Резюме: следует ждать, что к лету 1945 года, если сражения на оборонительном периметре продолжатся с той же интенсивностью, ВМФ Японии будет в значительной степени уничтожен. Что создаст благоприятные условия для нашего занятия Южного Сахалина, Курильских островов и десанта на Хоккайдо.

Анна Лазарева. Северодвинск (Молотовск), конец июля – август 1944 года

Ну вот, наконец гавань! Лючия на меня, как на «морскую волчицу» смотрит – и ведь не расскажешь же девочке, что я еще с прошлого года, как меня к Проекту прикомандировали, старалась «оморячиваться», хотя бы так – если по службе надо в Архангельск, то не по суше, а катером, миль тридцать по Белому морю и Северной Двине, и обязательно не в каюте, а наверху. Ну если только не совсем штормит, тогда даже из экипажа наверху лишь те, кто заняты конкретным делом. Хоть не укачивает меня теперь, и вида волн не боюсь – а как в самый первый раз страшно было! Вот только ветер несносный – что с прической делает, никаких слов нет!

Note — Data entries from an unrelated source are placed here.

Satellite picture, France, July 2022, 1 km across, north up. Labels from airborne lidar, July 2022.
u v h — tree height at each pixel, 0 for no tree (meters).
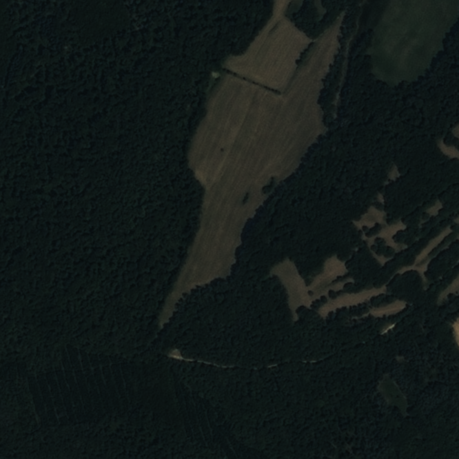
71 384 9
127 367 11
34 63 24
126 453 22
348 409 25
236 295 17
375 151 19
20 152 25
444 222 17
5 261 20
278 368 8
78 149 25
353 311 17
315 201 20
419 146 18
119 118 22
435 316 23
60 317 25
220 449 8
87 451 19
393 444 21
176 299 0
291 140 0
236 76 8
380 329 19
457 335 0
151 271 27
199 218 23
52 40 23
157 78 19
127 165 18
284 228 19
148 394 14
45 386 10
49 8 23
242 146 0
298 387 19
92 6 9
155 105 18
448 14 0
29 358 16
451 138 15
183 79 13
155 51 20
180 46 22
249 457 8
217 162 0
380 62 0
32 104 9
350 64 16
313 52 0
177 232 20
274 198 14
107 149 19
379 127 20
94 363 9
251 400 22
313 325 18
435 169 22
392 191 20
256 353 18
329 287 0
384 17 0
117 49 15
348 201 17
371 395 22
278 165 0
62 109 24
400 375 21
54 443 18
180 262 26
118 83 22
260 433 22
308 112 0
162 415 17
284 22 0
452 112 18
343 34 16
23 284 21
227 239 0
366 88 23
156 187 17
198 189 24
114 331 18
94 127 21
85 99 21
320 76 0
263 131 0
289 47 0
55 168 22
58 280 20
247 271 22
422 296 21
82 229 13
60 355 14
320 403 27
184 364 15
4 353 18
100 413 11
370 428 24
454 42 25
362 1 17
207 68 22
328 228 16
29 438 20
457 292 6
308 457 16
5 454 20
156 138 16
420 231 20
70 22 15
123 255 14
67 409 9
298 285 0
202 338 17
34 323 24
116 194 15
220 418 9
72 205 23
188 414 7
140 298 17
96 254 24
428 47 0
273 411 18
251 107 0
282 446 18
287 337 19
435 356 23
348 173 22
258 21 31
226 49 27
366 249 17
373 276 17
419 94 26
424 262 0
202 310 19
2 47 10
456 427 16
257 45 0
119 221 16
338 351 18
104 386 10
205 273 0
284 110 0
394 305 0
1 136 20
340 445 22
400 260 24
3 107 15
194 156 0
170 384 9
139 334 18
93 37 11
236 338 17
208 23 21
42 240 19
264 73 0
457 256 18
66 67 21
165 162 11
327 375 21
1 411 13
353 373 21
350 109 22
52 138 23
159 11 26
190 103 20
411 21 0
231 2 27
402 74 0
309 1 19
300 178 17
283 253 23
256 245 21
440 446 16
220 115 0
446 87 21
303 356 20
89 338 22
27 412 10
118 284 14
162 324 0
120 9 11
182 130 21
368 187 17
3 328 16
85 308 14
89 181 19
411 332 20
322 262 19
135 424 26
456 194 17
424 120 21
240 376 18
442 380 9
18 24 20
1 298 22
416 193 15
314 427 21
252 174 0
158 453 19
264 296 20
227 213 0
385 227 0
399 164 16
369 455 26
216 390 16
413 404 15
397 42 0
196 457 21
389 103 20
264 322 26
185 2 29
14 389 10
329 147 22
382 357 18
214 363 12
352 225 16
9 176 22
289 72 0
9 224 23
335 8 17
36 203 23
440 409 18
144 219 16
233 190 0
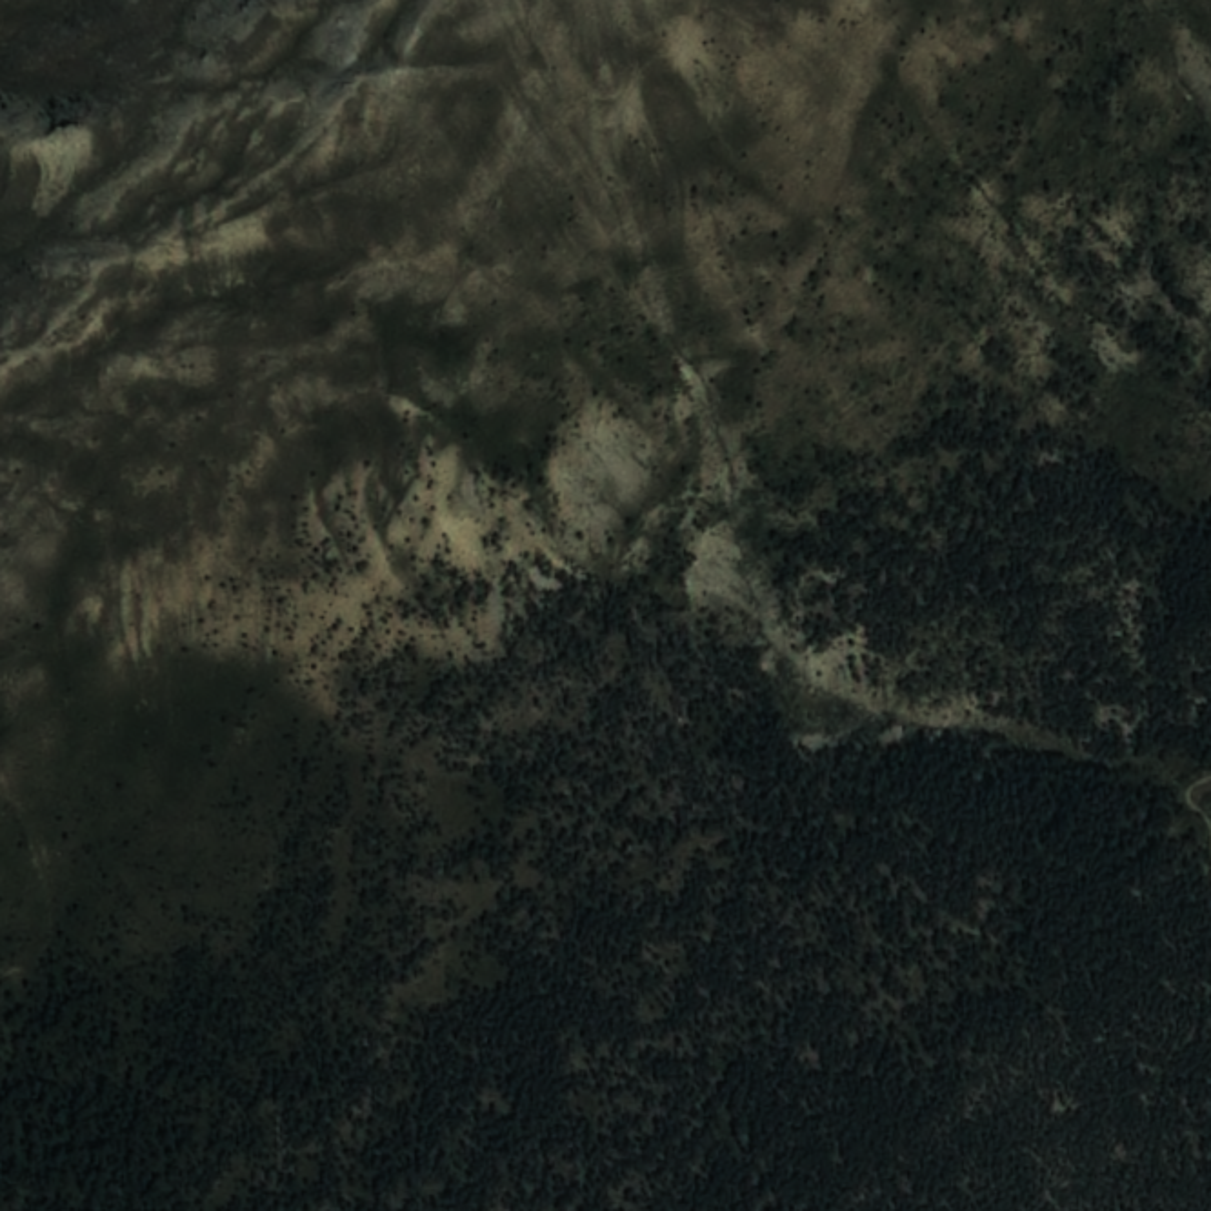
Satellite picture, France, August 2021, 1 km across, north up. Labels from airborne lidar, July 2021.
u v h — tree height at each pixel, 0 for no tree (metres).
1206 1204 11
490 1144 10
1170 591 15
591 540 0
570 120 0
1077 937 15
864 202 0
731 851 8
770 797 16
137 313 0
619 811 10
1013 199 0
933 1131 9
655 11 0
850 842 11
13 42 0
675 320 0
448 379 0
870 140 0
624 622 11
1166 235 0
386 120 0
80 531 0
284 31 0
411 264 0
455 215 0
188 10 0
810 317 0
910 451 10
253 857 0
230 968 9
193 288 0
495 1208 12
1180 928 12
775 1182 13
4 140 0
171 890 0
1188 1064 9
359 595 0
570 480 0
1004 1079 9
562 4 0
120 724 0
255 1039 12
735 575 0
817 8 0
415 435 0
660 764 8
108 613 0
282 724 0
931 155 0
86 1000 11
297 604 0
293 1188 17
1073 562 8
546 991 7
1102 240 9
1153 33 0
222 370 0
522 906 10
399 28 0
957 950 8
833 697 0
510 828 9
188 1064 8
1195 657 12
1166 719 15
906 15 0
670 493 0
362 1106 10
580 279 0
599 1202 11
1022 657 11
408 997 0
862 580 7
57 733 0
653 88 0
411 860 7
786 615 7
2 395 0
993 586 14
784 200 0
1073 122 0
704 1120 13
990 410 8
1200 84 0
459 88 0
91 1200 10
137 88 0
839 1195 9
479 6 0
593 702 9
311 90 0
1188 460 0
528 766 7
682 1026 12
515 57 0
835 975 15
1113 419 0
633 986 10
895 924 13
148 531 0
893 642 7
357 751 0
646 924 12
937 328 0
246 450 0
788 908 14
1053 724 13
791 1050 14
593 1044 10
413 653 7
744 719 9
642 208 0
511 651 9
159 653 0
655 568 5
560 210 0
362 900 8
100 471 0
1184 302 15
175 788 0
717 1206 14
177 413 0
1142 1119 13
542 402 0
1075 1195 7
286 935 7
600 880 9
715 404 0
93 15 0
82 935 0
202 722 0
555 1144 13
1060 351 7
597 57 0
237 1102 6
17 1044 12
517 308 0
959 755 7
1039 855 8
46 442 0
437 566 8
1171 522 15
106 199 0
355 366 0
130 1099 7
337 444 0
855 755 7
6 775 0
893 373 0
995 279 0
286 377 0
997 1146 13
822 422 0
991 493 14
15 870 0
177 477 0
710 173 0
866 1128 13
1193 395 8
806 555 12
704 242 0
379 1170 9
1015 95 0
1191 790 0
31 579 0
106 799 0
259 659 0
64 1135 14
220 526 0
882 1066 15
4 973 0
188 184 0
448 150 0
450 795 0
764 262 0
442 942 6
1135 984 13
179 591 0
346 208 0
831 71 0
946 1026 12
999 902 12
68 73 0
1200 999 8
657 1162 9
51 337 0
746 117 0
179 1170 11
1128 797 15
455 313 0
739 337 0
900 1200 15
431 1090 11
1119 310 8
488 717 7
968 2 0
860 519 8
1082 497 7
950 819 12
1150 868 13
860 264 0
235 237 0
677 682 8
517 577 7
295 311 0
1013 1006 12
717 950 15
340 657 6
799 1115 14
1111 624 8
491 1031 10
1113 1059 13
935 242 0
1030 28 0
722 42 0
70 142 0
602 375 0
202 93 0
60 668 0
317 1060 6
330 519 0
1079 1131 11
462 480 0
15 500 0
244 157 0
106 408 0
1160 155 0
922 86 0
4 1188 13
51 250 0
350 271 0
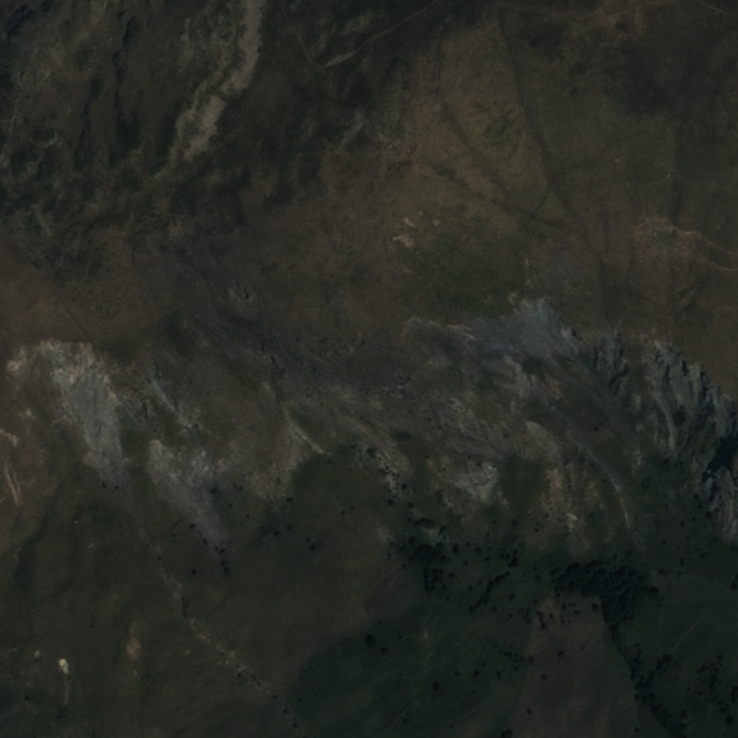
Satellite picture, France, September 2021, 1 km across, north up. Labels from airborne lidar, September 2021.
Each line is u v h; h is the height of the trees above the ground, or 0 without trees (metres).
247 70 0
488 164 0
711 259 0
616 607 16
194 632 0
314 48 0
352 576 0
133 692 0
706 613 0
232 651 0
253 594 0
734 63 0
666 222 0
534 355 0
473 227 0
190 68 0
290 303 0
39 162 0
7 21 0
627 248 0
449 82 0
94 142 0
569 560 0
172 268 0
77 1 0
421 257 0
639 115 0
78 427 0
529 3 0
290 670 0
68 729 0
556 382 0
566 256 0
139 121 0
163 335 0
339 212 0
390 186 0
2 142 0
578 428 0
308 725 0
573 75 0
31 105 0
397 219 0
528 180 0
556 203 0
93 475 0
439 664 0
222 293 0
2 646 0
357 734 0
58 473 0
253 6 0
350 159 0
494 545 0
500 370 0
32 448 0
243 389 0
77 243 0
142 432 0
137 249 0
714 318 0
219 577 0
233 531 0
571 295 0
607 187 0
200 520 0
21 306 0
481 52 0
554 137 0
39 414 0
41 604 0
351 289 0
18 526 0
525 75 0
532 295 0
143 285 0
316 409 0
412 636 0
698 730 0
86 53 0
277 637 0
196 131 0
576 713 0
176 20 0
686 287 0
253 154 0
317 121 0
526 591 0
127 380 0
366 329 0
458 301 0
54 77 0
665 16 0
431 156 0
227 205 0
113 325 0
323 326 0
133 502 0
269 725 0
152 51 0
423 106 0
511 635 0
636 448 0
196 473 0
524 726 0
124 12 0
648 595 13
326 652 0
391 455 0
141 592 0
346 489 0
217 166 0
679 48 0
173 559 0
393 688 0
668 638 0
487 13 0
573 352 0
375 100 0
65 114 0
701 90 0
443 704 0
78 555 0
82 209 0
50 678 0
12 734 0
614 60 0
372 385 0
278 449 0
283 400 0
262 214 0
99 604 0
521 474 0
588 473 0
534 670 0
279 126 0
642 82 0
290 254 0
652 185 0
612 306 0
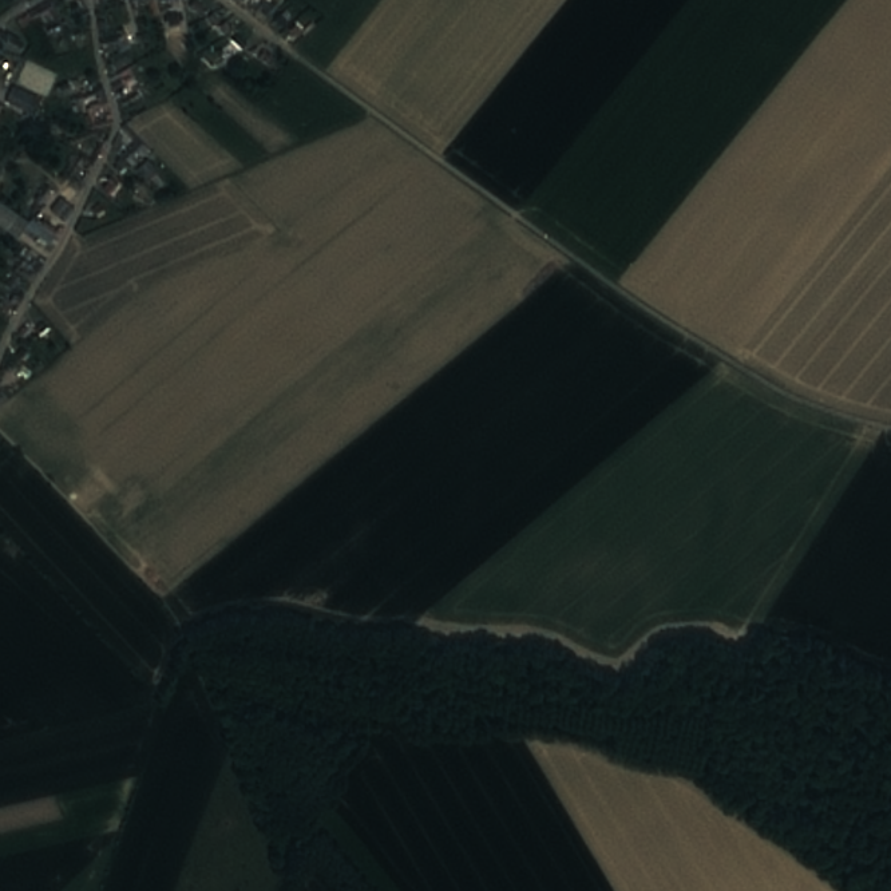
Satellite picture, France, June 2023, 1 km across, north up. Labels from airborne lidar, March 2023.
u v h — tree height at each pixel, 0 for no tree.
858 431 0
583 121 0
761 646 25
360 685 23
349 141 0
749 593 0
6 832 0
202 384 0
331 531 0
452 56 0
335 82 0
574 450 0
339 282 0
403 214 0
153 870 0
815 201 0
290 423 0
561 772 0
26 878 0
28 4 0
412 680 27
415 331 0
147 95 0
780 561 0
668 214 0
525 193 0
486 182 0
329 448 0
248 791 15
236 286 0
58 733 0
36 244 0
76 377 0
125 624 0
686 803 0
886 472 0
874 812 34
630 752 28
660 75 0
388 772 0
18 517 0
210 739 0
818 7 0
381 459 0
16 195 9
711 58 0
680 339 0
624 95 0
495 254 0
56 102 0
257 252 0
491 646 27
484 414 0
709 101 0
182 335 0
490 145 0
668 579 0
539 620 0
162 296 0
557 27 0
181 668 13
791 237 0
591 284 0
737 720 27
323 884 0
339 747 22
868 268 0
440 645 25
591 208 0
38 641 0
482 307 0
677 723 26
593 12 0
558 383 0
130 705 0
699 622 0
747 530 0
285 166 0
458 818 0
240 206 0
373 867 0
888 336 0
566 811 0
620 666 0
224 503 0
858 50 0
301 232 0
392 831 0
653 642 16
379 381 0
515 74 0
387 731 0
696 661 26
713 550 0
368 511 0
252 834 0
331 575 0
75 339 0
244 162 0
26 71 0
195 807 0
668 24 0
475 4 0
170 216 0
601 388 0
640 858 0
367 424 0
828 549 0
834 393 0
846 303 0
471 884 0
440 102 0
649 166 0
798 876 0
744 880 0
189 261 0
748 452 0
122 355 0
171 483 0
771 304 0
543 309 0
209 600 0
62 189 0
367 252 0
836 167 0
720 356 0
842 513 0
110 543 0
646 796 0
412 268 0
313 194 0
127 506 0
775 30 0
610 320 0
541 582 0
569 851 0
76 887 0
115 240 0
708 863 0
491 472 0
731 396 0
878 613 0
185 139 0
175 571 0
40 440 0
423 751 0
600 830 0
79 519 0
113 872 0
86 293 0
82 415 0
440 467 0
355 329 0
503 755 0
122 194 0
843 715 29
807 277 0
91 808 0
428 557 0
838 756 34
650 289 0
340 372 0
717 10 0
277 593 0
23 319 0
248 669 25
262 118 0
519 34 0
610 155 0
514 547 0
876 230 0
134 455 0
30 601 0
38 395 0
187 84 11
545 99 0
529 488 0
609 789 0
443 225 0
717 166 0
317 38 0
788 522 0
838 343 0
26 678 0
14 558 0
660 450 0
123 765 0
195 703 0
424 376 0
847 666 27
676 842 0
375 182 0
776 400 0
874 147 0
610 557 0
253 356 0
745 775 27
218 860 0
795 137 0
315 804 25
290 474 0
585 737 29
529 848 0
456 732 28
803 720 28
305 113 0
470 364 0
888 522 0
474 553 0
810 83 0
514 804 0
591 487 0
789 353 0
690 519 0
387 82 0
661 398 0
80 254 0
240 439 0
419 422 0
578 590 0
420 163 0
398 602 0
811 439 0
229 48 0
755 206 0
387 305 0
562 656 23
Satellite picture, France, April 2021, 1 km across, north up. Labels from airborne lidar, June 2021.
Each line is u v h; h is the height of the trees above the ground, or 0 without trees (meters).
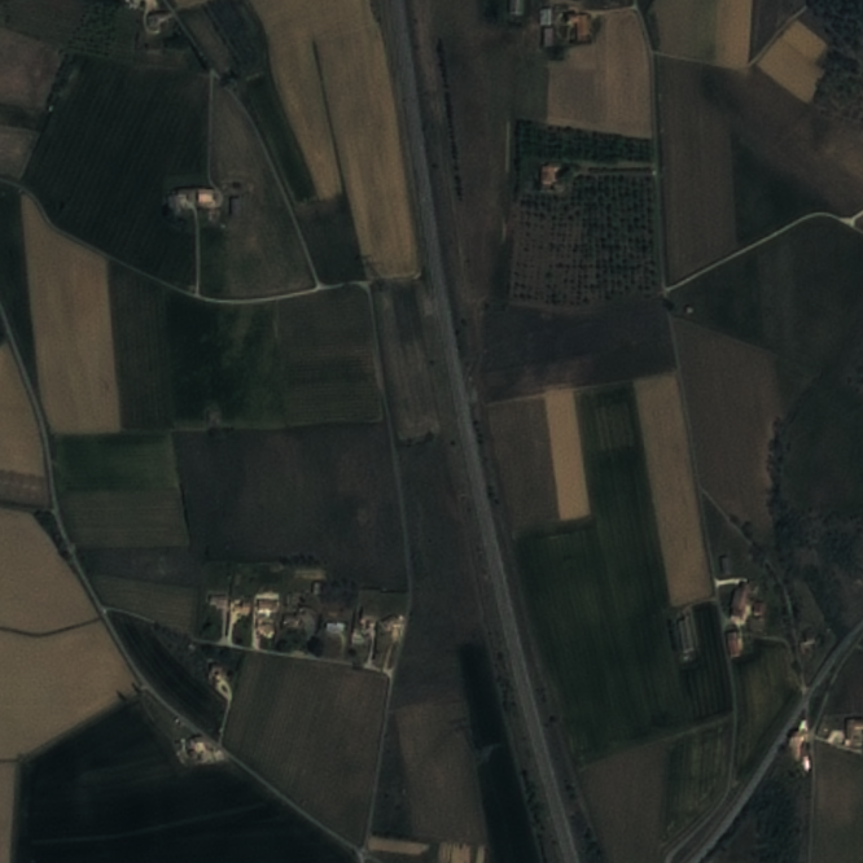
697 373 0
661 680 0
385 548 0
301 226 0
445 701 0
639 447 0
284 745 0
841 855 0
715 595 0
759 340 0
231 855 0
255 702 0
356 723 0
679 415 0
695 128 0
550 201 7
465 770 0
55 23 0
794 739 0
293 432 0
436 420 0
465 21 0
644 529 0
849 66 8
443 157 0
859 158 0
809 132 0
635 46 0
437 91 0
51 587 0
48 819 0
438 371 0
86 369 0
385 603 0
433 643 0
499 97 0
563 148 8
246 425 0
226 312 0
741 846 0
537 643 0
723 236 0
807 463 0
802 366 0
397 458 0
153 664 0
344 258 0
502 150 0
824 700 0
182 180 0
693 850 0
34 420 0
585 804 0
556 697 0
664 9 0
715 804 0
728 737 0
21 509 0
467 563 0
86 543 0
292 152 0
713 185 0
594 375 0
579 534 0
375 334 0
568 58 0
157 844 0
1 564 0
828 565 6
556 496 0
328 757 0
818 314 0
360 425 0
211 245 0
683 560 0
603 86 0
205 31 0
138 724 0
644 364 0
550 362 0
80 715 0
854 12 10
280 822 0
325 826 0
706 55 0
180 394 0
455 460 0
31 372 0
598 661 0
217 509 0
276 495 0
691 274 0
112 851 0
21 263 0
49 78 0
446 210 0
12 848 0
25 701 0
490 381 0
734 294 0
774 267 0
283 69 0
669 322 0
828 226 0
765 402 0
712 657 0
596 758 0
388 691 0
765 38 0
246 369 0
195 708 0
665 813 0
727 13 0
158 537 0
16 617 0
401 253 0
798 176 0
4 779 0
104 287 0
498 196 0
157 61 0
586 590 0
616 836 0
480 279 0
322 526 0
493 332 0
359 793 0
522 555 0
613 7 0
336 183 0
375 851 0
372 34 0
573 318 0
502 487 0
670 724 0
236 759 0
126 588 0
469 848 0
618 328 0
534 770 0
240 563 0
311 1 0
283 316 0
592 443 0
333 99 0
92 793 0
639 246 6
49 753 0
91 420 0
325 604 6
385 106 0
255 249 0
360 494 0
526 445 0
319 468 0
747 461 0
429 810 0
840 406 0
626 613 0
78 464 0
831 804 0
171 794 0
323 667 0
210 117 0
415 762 0
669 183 0
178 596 0
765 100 0
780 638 0
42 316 0
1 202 0
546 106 0
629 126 0
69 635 0
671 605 0
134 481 0
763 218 0
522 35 0
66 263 0
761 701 0
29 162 0
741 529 6
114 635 0
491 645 0
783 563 8
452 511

У моего Адмирала сразу множество дел по службе нашлось, ну а мне, после доклада от Ленки, что тут без меня произошло, первая забота ввести итальянку в наш круг. Нет, обижать бы ее не стали, да и не такой она человек, чтобы ее обидеть можно – но не нужен нам разлад в нашем дружном коллективе. Потому я отрекомендовала:

– Товарищ Лючия Смоленцева, жена хорошо тебе знакомого Юрия Смоленцева, уже гвардии майора и дважды Героя. Партизанка гарибальдийских бригад, имеет спецподготовку, боевой опыт и лично убитых врагов. Будет исполнять обязанности моего адъютанта и телохранителя. Ну а ты, Ленок, была и остаешься моим заместителем по организационной части. И прошу тебя, как подругу – помоги человеку в курс дела войти!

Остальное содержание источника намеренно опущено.